You can enable it on both the server and the agent.

[app...@proton.me]

Hello,

I performed additional investigations and came across a strange phenomenon. The CVE visible in the screenshots appears once as “solved” and then again as “not solved” in the system. The vulnerability.scanner.condition matches the installed package. This package was installed on November 12 at around 10:30 a.m. I also verified this in the Zypper logs. The scanner then wrote “solved” into the events at around 11:30 a.m. However, it seems it did not do this for all entries in the index related to the CVE.

Maybe I’m missing something. How does the “solved” marking work? Is it like with firewalls — first rule match and then it exits? Is our CVE/CTI database corrupt? Why do we apparently have two different entries in the index for the same CVE and software? Why is it not possible to trigger a full rescan of the entire server with a single action, essentially as if the server were new again? Am I overlooking something?

With best regards

[Ifeanyi Onyia Odike]

Hello,

Thanks for the detailed investigation and the screenshots; they are very helpful.

Let me clarify how the “solved” status works and why you might be seeing the same CVE both as solved and not solved:

1. How “solved” is marked internally

• Each vulnerability event is generated by matching the CVE/CTI entry (including vulnerability.scanner.condition)against the current software inventory of the agent.

• When the scanner detects that the installed package version satisfies the fixed condition for that CVE, it generates a new event wherevulnerability.status = "Solved" for that specific match.
• Existing “Unsolved” documents already stored in the index are not retroactively rewritten; instead, new “Solved” events are added. This is why, from an index perspective, you can have: older “Unsolved” documents for a CVE and newer “Solved” documents for the same CVE and package.

2. Why do you see the same CVE as both solved and not solved?

Typical reasons are:

• There are multiple events/records for the same CVE on the same host (for example, generated at different times, or with slightly different package metadata), and only part of them were later matched as solved. 
• Dashboards or saved searches may be: showing historical events (no time filter, or a long time range), or aggregating on CVE only, without always distinguishing the latest status per host+package. So even though the most recent state for that host+package is solved, older unsolved entries are still visible in the index.
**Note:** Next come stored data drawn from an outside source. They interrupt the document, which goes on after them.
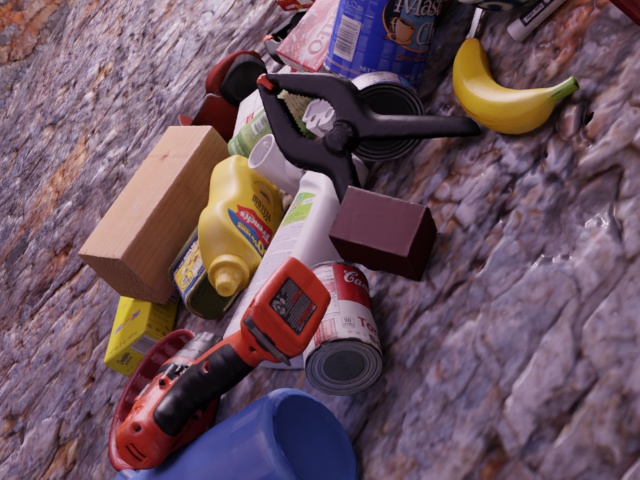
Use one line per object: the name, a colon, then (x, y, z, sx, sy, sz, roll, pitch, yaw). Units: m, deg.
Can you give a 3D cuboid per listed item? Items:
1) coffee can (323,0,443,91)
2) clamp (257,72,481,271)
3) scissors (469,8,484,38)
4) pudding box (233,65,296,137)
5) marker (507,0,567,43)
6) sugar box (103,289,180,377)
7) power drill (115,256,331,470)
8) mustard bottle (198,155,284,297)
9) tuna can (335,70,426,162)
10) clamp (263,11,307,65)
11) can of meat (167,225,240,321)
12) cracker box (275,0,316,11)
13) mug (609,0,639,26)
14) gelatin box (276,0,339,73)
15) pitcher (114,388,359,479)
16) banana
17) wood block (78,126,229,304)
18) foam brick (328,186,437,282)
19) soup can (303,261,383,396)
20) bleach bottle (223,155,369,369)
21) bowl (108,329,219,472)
coffee can: (0.068, -0.230, 1.066, 0.103, 0.102, 0.140, -119, 39, -60)
clamp: (0.033, -0.098, 0.989, 0.164, 0.210, 0.036, -47, -15, 8)
scissors: (0.186, -0.280, 1.072, 0.096, 0.016, 0.201, -32, 37, 41)
pudding box: (-0.061, -0.159, 1.335, 0.114, 0.039, 0.090, -31, 37, 39)
marker: (0.218, -0.223, 0.953, 0.121, 0.020, 0.020, -41, 31, 29)
sugar box: (-0.215, 0.075, 1.337, 0.093, 0.048, 0.176, -37, 35, 34)
power drill: (-0.076, 0.095, 0.892, 0.188, 0.057, 0.184, -42, 9, 28)
mustard bottle: (-0.085, -0.005, 1.116, 0.058, 0.096, 0.191, -25, 28, 21)
tuna can: (0.058, -0.121, 1.041, 0.086, 0.086, 0.034, -47, 27, 20)
clamp: (-0.022, -0.258, 1.371, 0.172, 0.039, 0.120, -15, 39, 53)
can of meat: (-0.122, 0.032, 1.215, 0.102, 0.057, 0.084, -55, 29, 8)
cracker box: (0.033, -0.392, 1.349, 0.213, 0.072, 0.164, -52, 26, -11)
mug: (0.259, -0.221, 0.813, 0.117, 0.081, 0.093, -30, 37, 42)
gelatin box: (0.006, -0.218, 1.152, 0.073, 0.030, 0.089, 34, 83, 41)
pitcher: (-0.083, 0.233, 0.876, 0.243, 0.149, 0.144, -38, 5, 28)
banana: (0.157, -0.133, 0.947, 0.069, 0.037, 0.198, -38, 29, -2)
wood block: (-0.186, -0.034, 1.297, 0.091, 0.090, 0.206, 6, 55, 44)
foam brick: (0.055, -0.006, 0.922, 0.078, 0.053, 0.051, 17, 71, 23)
soup can: (0.015, 0.076, 0.925, 0.069, 0.068, 0.102, -44, 30, 25)
bleach bottle: (-0.007, 0.001, 1.049, 0.103, 0.068, 0.250, -11, 50, 57)
bowl: (-0.154, 0.177, 1.116, 0.162, 0.055, 0.162, -40, 32, 31)

3. Is the CVE/CTI database corrupt?

Based on your description (first “Unsolved”, later “Solved” for the same CVE after upgrade), this behaviour is more consistent with normal CTI+scanner logic plus indexing/history than with

database corruption.

To be safe, you can still:

• Verify that CTI sync/tasks are completing successfully in the manager logs.

• Double-check that the condition shown in vulnerability.scanner.condition really matches the installed version (epoch, release, arch included).